The conclusions on scope recommend the application of the PCBS remuneration proposals beyond 'material risk takers' to a wider set of individuals. The rules in the proposed Remuneration Code reflect the government's view that extending the scope would go significantly beyond international standards and could result in inappropriately strict regulation of the pay of relatively junior staff, and this is a view we maintain alongside the regulators. Our view is that the potential changes consulted on by the regulators to implement PCBS recommendations are prescriptive and appropriate only for individuals whose actions may have a material impact on the risk profile of a firm.

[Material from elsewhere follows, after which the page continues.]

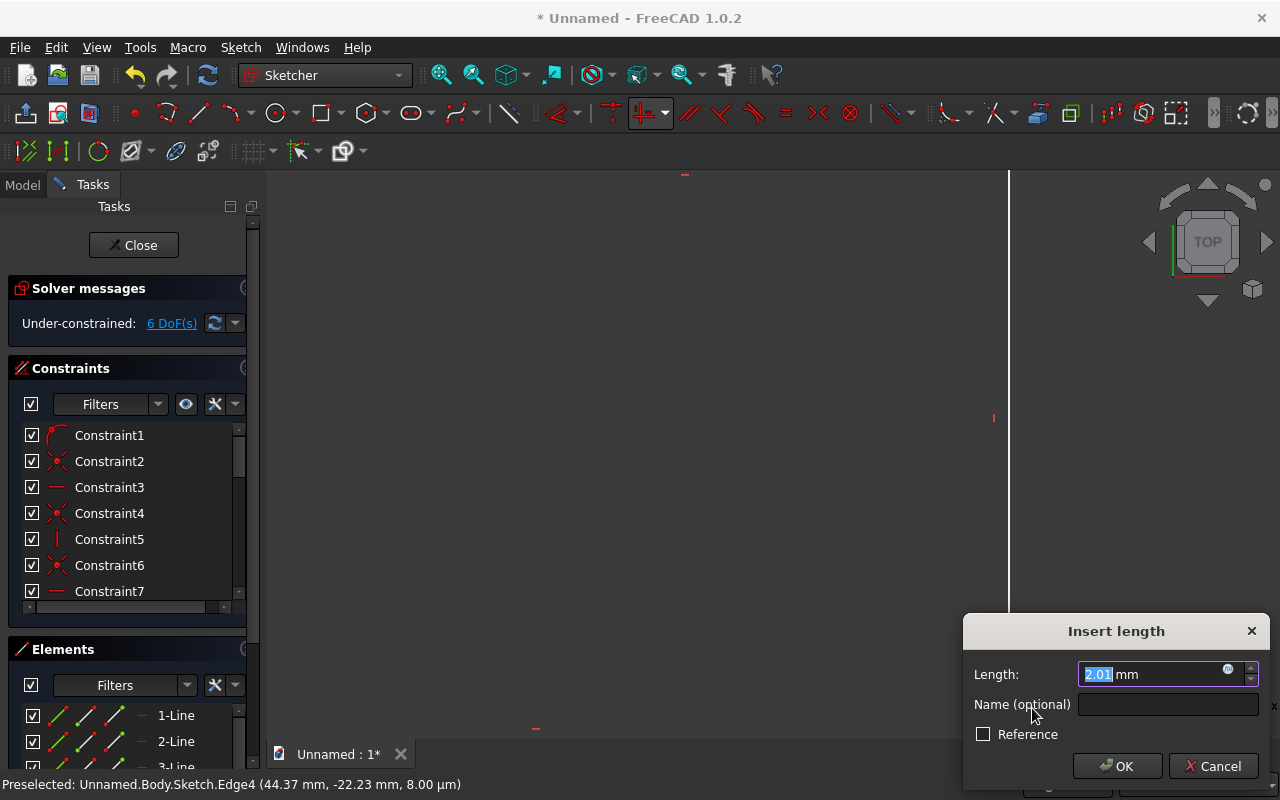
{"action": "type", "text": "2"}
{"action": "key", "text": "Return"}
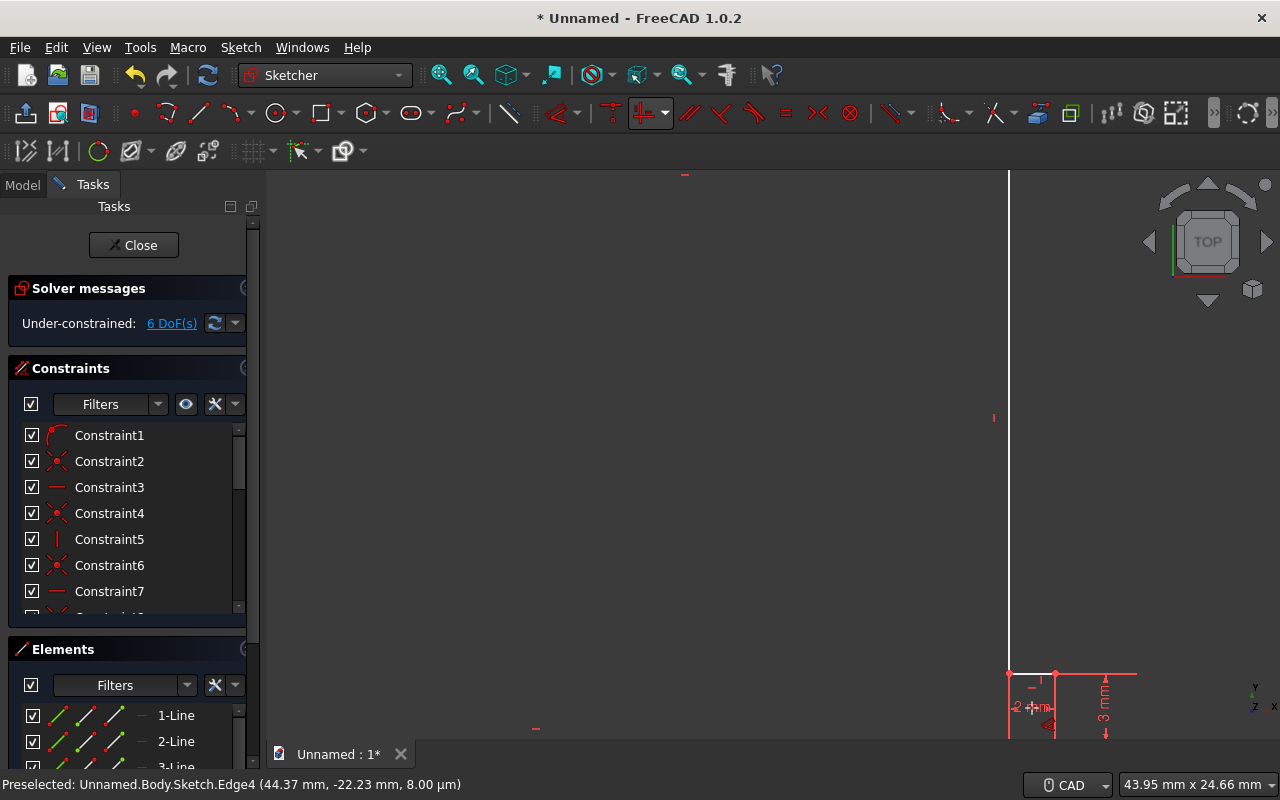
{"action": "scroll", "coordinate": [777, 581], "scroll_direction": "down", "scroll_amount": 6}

With respect to payments to bailed out banks and the stated view that the regulators should "go further" than their July 2014 consultation, this is a matter for the regulators to take forward. The government agreed with the PCBS recommendation for the introduction of regulatory power to void or cancel entitlements for certain discretionary payments for banks receiving direct taxpayer support and as a result we asked the PRA to consider what more could be done in this area.

This government strongly believes there should be no rewards for failure in the banking sector, and will keep the regulators' power under review in this regard to ensure their adequacy.

Competition

With respect to regulation and competition, the government agrees with the Statement, it being essential that the financial regulators treat competition in banking markets as a priority. That is why the government provided the FCA with both a statutory competition objective and a duty as part of its remit, and accepted the PCBS's recommendation the PRA also be given a secondary competition objective. In addition to providing the PRA with this competition objective, the Banking Reform Act 2013 also gave the FCA strong additional powers on competition and created a new Payments Systems Regulator, which will look at competition issues concerning access to payments. Both the FCA and PRA have already taken action on competition, including by lowering barriers to entry for new and smaller banks, and are required to report against their competition objective as part of their annual reporting. We also note the suggestions that Parliament should be alert to risks of regulation on competition.

These changes are only part of a wide-reaching programme of reforms that have been implemented by the government to make the banking sector more competitive so individuals and businesses get a better deal. This includes measures to support competition and switching in current accounts, such as a Current Account Switch Service to give consumers the power and confidence to vote with their feet; and new legislation through the Small Business, Enterprise and Employment Bill to improve competition in the provision of finance to smaller businesses.

However, competition issues in key retail banking markets are longstanding and there remains work to be done. That is why the government welcomed the Competition and Markets Authority's (CMA) decision to progress with market investigations into both current accounts and SME banking. The CMA was created by this government to take forward high-impact work such as this.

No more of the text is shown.